In this article, we have compiled a list of five important questions about various multimodal transformer models. You can also use these questions as a guide to familiarize yourself with the topic and craft effective answers to help you succeed in your next interview.

Interview questions about multimodal transformers

Below are some of the questions with detailed answers.

Question 1: Describe the architecture of the CLIP model.

answer: CLIP (Contrasive Language Pre-training) models are neural networks that combine text and vision. Learn visual concepts with the help of natural language supervision.

A dataset of 400 million image/caption pairs was created and contrast learning was employed to pre-train the CLIP model.

multimodal transformer

Figure 1: Overview of the CLIP model approach

Source: Archive

CLIP = image encoder + text encoder

Image Encoder and Text Encoder —-> create image and caption embeds respectively.

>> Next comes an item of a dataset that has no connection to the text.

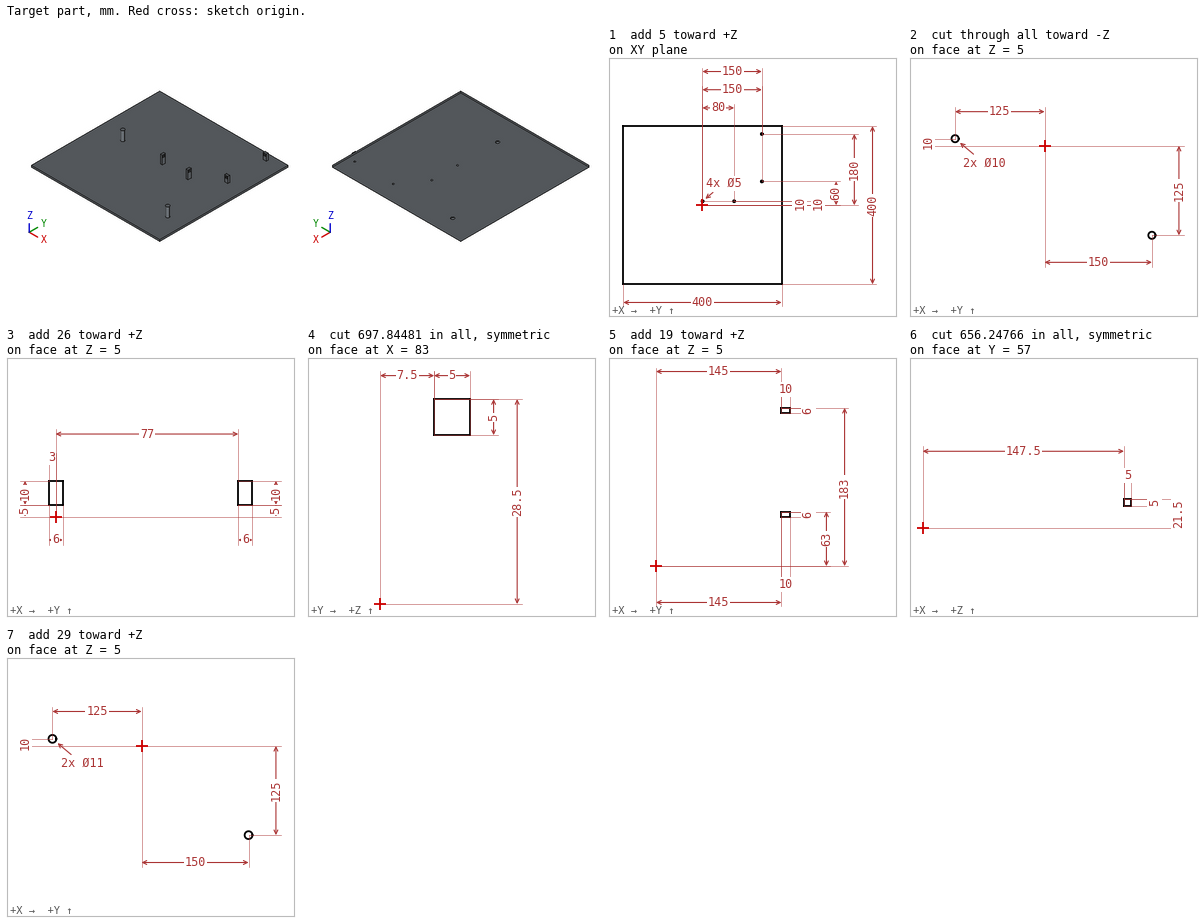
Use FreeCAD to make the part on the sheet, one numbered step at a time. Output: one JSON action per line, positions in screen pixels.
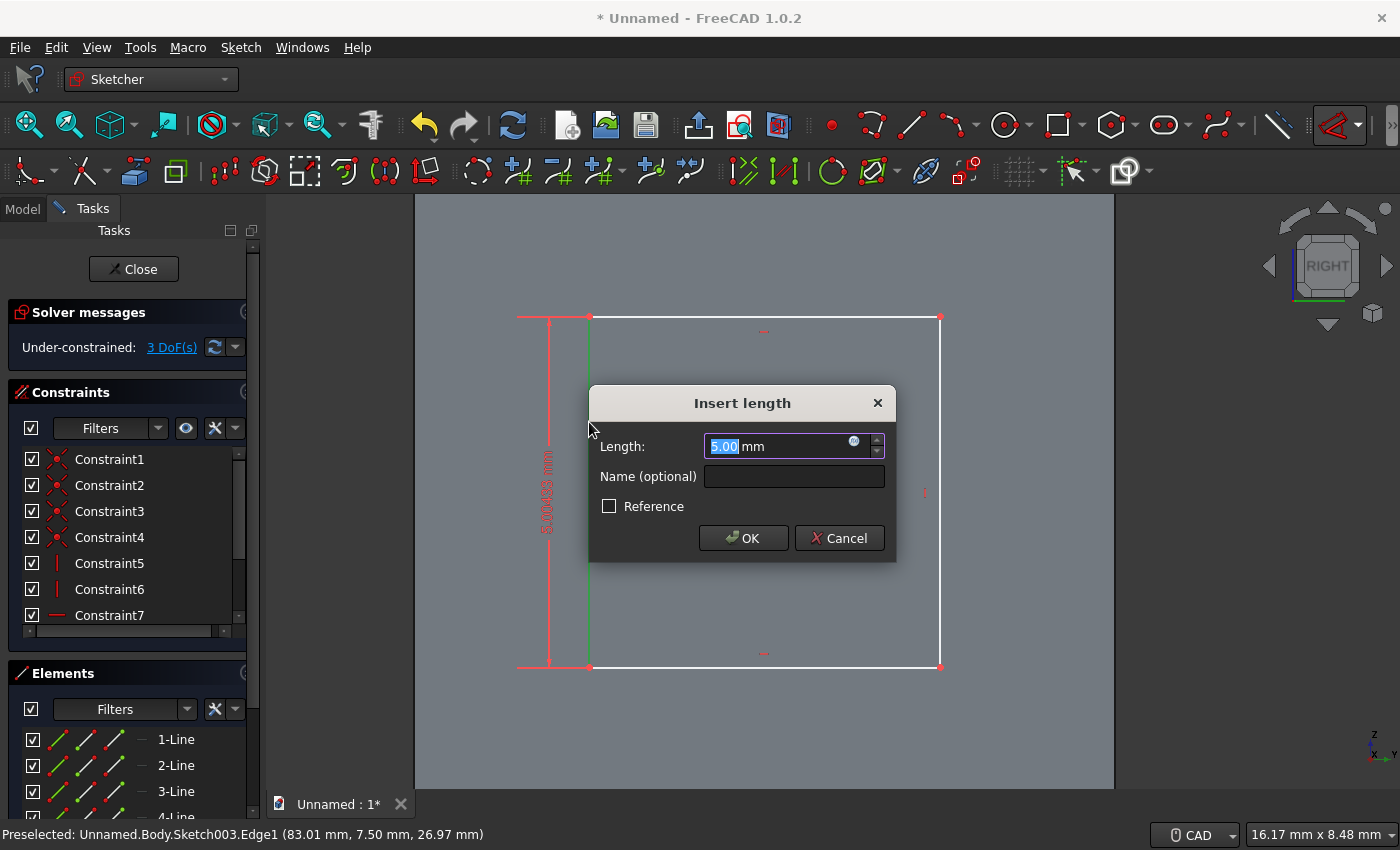
{"action": "type", "text": "5"}
{"action": "key", "text": "Return"}

Given a batch of N (image, caption) pairs, CLIP is trained to predict which (image, caption) pairs match. To achieve this, CLIP jointly trains an image encoder and a text encoder to maximize the cosine similarity of the correct pair of image and caption/text embeddings in a batch, while at the same time increasing the cosine similarity of the embeddings to Learn the multimodal embedding space by minimizing. Incorrect pairing (remaining pair). Symmetric cross-entropy loss is optimized with these similarity scores.

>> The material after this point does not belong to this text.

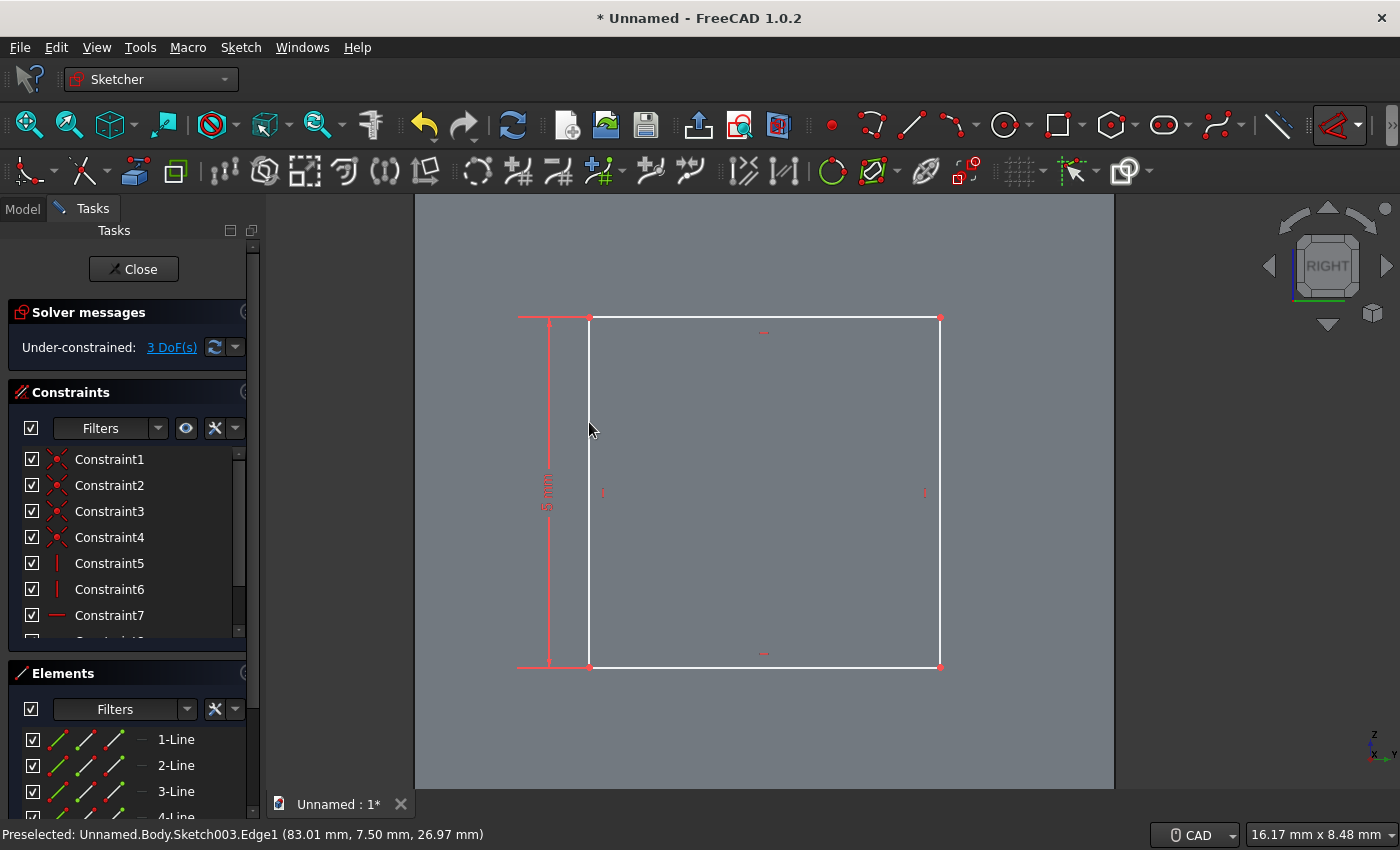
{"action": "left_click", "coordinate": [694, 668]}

Possible classes are built into the text encoder and use pre-trained models for classification. Then all class embeddings are compared with the image embeddings we want to classify and the class with the highest similarity is selected.

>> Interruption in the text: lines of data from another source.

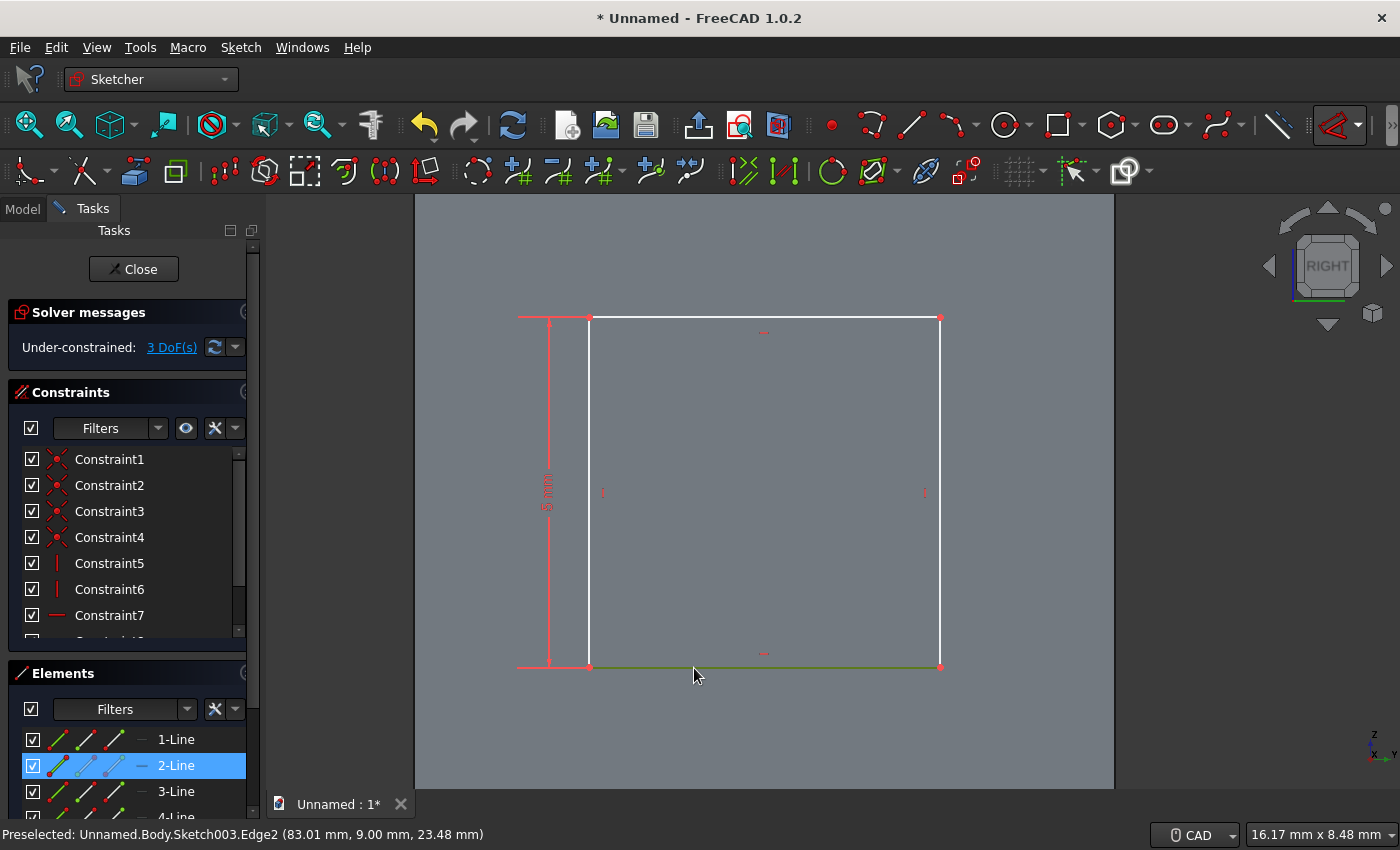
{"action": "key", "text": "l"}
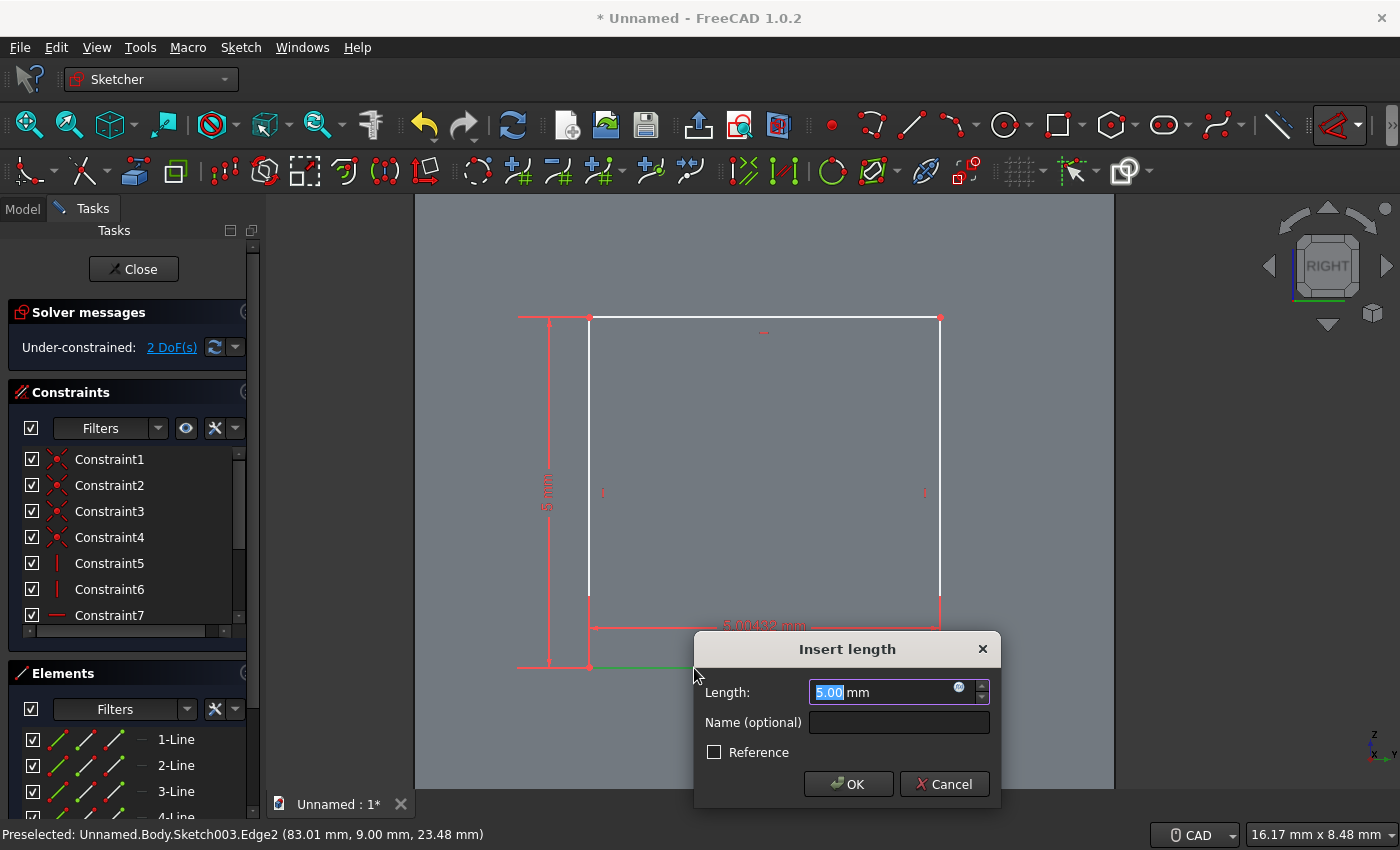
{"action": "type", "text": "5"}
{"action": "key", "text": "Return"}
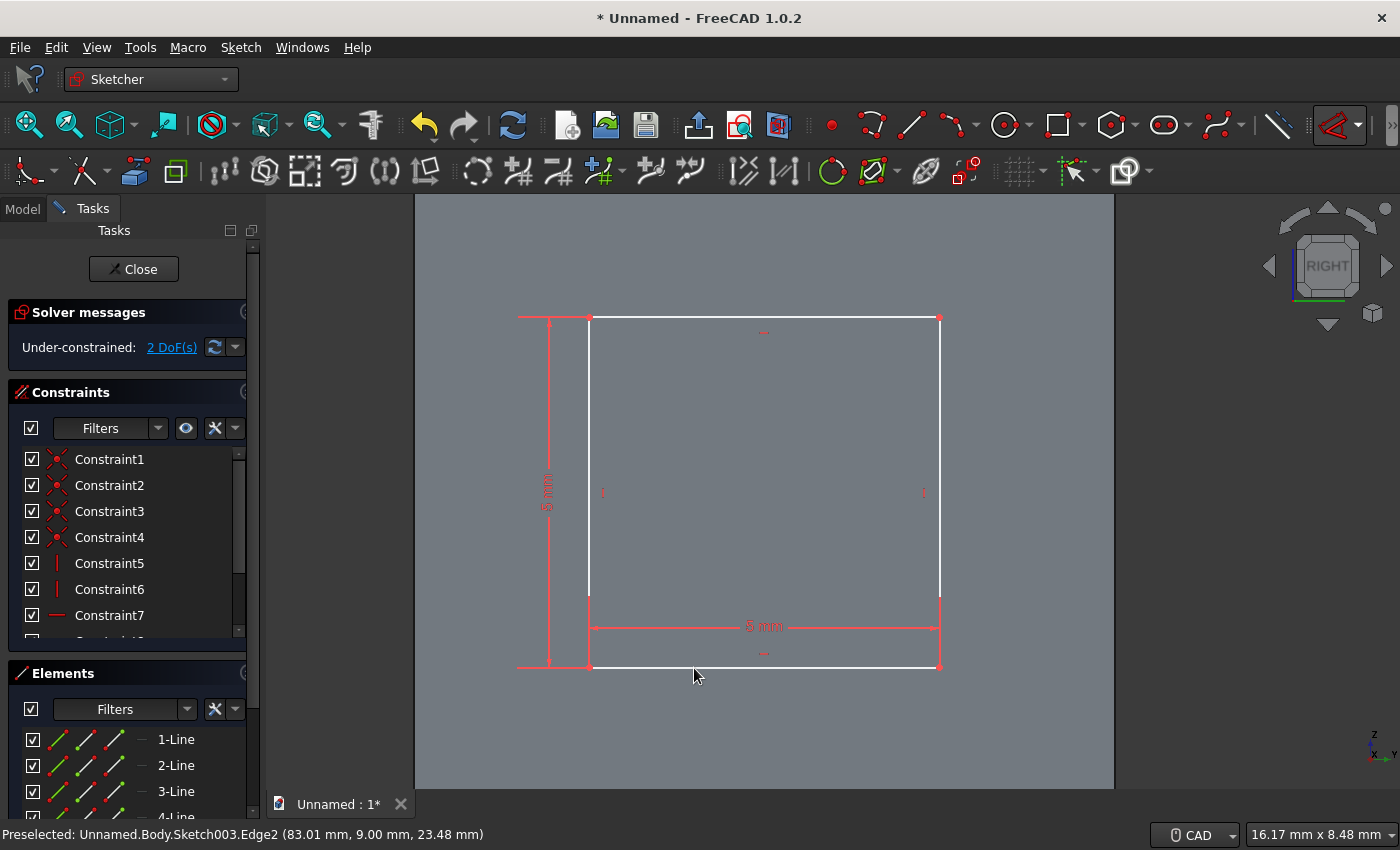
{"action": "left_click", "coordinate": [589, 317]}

CLIP’s zero-shot image classification performance is comparable to fully supervised pre-trained vision models and is more flexible for new classes.

NOTE: We also learn to perform various tasks during pre-training, such as OCR, geolocalization, and action recognition.

Question 2: Why is pre-training like CLIP useful? Why not use a regular classification model instead?

Unlike traditional image classification methods that train an image feature extractor and a linear classifier simultaneously to predict labels, CLIP trains an image encoder and a text encoder to produce a batch of (image, caption/text) training examples. Predict correct pairing. During testing, the trained text encoder synthesizes a zero-shot linear classifier by embedding the class descriptions of the target dataset.

We often use binary information for standard image classification, i.e. whether a class exists or not. As a result, a lot of information is lost. For example, if you train a classifier of cats and dogs using images crawled from the web, the classifier will not be able to recognize if the animal is ‘Aussie’ or its name is ‘Pepper’.

Question 3: Describe the LyoutLM architecture.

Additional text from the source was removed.